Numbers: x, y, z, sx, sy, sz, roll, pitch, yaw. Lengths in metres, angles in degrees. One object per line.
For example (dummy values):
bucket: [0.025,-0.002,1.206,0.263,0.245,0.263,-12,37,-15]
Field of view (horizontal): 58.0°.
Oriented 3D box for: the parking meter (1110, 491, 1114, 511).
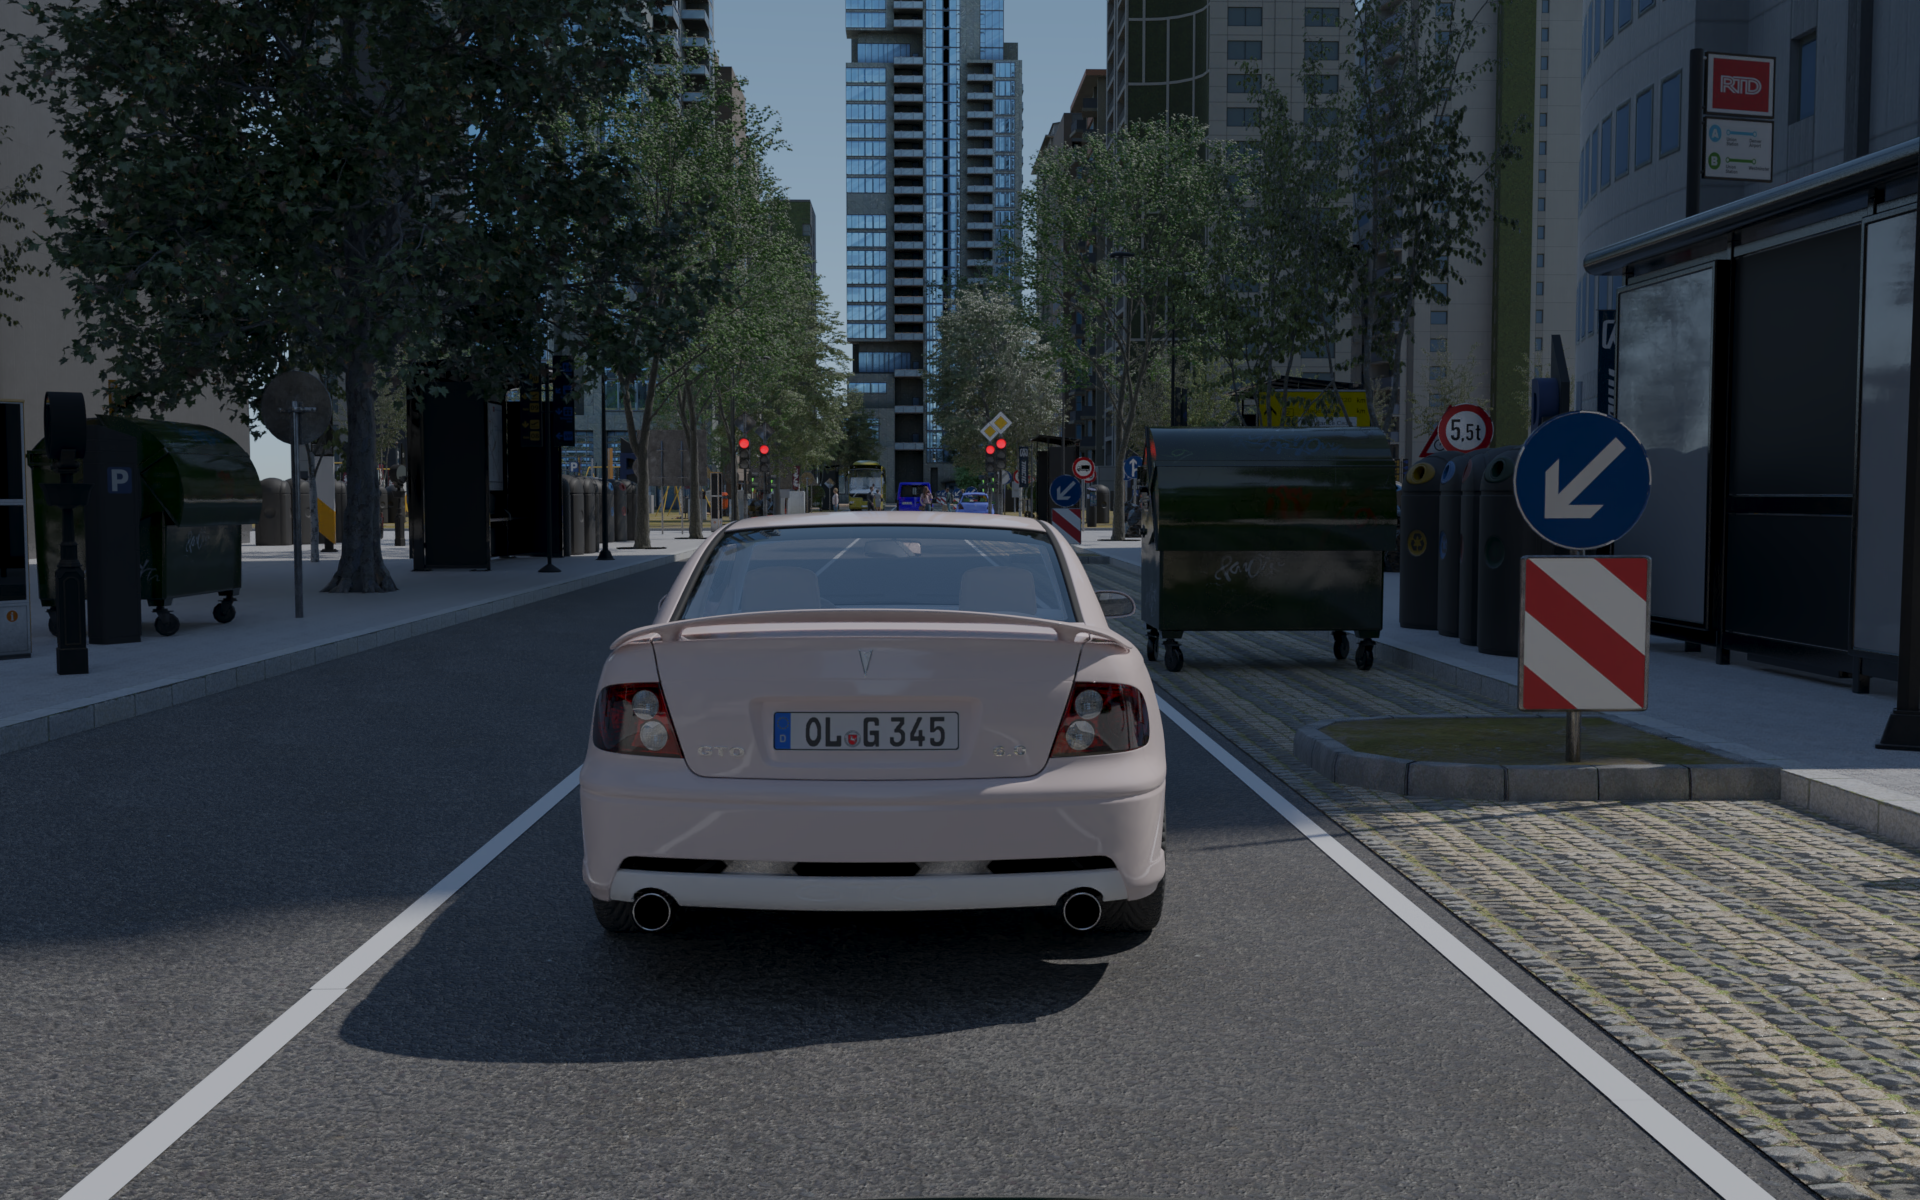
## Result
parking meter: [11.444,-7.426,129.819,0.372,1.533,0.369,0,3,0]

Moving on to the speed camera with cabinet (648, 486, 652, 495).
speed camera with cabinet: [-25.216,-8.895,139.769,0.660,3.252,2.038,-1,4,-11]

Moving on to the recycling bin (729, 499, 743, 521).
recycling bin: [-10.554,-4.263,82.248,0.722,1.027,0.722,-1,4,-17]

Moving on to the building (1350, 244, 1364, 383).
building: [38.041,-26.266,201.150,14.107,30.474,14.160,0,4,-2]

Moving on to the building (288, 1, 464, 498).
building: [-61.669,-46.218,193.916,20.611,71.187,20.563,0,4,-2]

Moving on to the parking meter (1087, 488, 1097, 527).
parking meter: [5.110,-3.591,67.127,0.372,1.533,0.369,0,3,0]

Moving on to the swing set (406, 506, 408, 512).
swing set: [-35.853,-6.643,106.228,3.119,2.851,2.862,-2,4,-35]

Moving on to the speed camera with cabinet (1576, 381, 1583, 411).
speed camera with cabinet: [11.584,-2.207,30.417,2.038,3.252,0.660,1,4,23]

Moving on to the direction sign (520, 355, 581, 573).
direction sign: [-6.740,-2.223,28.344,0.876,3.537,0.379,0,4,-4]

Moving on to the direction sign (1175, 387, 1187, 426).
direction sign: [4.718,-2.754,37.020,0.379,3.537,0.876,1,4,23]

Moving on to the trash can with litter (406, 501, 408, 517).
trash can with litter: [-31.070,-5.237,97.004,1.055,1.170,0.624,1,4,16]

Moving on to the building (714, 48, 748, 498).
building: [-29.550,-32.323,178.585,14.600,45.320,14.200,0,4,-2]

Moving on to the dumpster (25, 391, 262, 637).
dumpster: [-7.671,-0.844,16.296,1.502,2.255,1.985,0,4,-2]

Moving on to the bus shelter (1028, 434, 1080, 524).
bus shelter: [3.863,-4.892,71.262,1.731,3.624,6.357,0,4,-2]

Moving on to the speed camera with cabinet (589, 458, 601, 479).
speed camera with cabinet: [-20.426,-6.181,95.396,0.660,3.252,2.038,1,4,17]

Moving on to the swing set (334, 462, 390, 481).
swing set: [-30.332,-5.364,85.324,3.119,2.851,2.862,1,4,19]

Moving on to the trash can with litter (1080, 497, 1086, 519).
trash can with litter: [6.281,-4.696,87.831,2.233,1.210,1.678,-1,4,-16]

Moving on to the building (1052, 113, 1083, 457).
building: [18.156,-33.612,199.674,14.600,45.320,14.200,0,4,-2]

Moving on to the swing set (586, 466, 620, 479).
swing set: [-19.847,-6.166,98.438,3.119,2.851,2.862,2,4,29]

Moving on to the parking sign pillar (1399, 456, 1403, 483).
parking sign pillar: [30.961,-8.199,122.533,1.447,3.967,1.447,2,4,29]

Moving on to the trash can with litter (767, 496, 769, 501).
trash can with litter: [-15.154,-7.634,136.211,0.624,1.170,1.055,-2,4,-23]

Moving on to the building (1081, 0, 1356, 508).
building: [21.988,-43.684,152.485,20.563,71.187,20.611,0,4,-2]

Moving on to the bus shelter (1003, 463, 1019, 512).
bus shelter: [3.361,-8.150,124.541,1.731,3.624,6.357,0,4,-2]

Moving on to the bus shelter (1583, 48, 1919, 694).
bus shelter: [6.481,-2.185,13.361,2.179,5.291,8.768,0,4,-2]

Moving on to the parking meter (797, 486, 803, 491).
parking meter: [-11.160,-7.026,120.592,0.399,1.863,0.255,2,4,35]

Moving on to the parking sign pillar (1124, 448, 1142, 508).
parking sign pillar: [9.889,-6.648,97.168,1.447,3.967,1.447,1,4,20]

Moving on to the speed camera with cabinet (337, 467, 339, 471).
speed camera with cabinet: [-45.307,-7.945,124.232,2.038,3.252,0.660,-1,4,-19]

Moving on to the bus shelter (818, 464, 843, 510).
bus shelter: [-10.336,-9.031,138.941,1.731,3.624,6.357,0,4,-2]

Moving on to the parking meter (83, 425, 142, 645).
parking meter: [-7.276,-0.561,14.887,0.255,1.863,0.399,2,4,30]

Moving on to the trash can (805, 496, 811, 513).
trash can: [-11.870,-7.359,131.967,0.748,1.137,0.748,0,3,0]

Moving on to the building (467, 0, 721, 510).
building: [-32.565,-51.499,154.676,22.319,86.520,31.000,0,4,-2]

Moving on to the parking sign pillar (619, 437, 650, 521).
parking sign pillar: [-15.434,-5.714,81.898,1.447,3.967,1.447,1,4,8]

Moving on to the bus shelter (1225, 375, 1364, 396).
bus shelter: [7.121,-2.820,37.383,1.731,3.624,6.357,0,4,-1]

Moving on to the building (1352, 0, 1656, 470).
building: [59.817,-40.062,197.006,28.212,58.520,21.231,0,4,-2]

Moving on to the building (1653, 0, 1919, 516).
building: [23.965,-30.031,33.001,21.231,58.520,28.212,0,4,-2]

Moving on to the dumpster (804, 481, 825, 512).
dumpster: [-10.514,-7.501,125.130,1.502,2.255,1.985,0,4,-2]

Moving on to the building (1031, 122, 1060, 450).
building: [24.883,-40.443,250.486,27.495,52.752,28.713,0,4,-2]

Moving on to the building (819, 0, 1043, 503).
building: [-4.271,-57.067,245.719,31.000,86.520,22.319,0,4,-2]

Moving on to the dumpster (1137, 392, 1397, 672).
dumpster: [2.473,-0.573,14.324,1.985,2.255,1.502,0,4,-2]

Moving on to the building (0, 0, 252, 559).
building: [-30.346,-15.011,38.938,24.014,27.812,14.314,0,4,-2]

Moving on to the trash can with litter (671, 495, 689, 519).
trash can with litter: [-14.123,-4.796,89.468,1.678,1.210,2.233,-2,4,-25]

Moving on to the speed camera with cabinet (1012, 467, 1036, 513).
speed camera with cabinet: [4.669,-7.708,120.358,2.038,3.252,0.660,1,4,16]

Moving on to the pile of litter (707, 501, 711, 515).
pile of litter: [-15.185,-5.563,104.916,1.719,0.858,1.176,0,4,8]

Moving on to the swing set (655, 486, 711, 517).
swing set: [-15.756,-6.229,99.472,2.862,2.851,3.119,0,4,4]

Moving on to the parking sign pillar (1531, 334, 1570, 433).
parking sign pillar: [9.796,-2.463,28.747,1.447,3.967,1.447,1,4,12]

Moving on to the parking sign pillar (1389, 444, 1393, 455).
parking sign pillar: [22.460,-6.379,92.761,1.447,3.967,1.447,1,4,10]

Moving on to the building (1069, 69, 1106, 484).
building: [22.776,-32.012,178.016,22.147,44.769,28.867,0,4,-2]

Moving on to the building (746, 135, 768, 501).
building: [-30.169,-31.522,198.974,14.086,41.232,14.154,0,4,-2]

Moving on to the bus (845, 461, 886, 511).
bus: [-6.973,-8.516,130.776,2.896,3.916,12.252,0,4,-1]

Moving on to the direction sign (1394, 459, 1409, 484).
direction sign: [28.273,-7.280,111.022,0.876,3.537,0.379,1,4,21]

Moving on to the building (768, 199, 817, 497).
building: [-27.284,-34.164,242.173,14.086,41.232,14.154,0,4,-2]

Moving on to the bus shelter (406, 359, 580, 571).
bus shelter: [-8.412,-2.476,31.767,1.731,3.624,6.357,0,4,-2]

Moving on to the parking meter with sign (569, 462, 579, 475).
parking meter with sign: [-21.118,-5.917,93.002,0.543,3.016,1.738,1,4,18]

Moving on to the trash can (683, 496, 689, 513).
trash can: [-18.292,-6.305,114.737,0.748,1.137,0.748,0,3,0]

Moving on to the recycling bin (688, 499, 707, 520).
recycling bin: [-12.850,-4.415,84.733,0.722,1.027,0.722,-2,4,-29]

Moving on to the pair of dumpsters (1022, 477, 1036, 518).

TASK REQUIREMENTS:
Your answer must be the line containing "Moving on to the parking meter with" through the last line above, copied exactly, with nothing added.

ANSWER TO THIS PROBLEM:
Moving on to the parking meter with sign (569, 462, 579, 475).
parking meter with sign: [-21.118,-5.917,93.002,0.543,3.016,1.738,1,4,18]

Moving on to the trash can (683, 496, 689, 513).
trash can: [-18.292,-6.305,114.737,0.748,1.137,0.748,0,3,0]

Moving on to the recycling bin (688, 499, 707, 520).
recycling bin: [-12.850,-4.415,84.733,0.722,1.027,0.722,-2,4,-29]

Moving on to the pair of dumpsters (1022, 477, 1036, 518).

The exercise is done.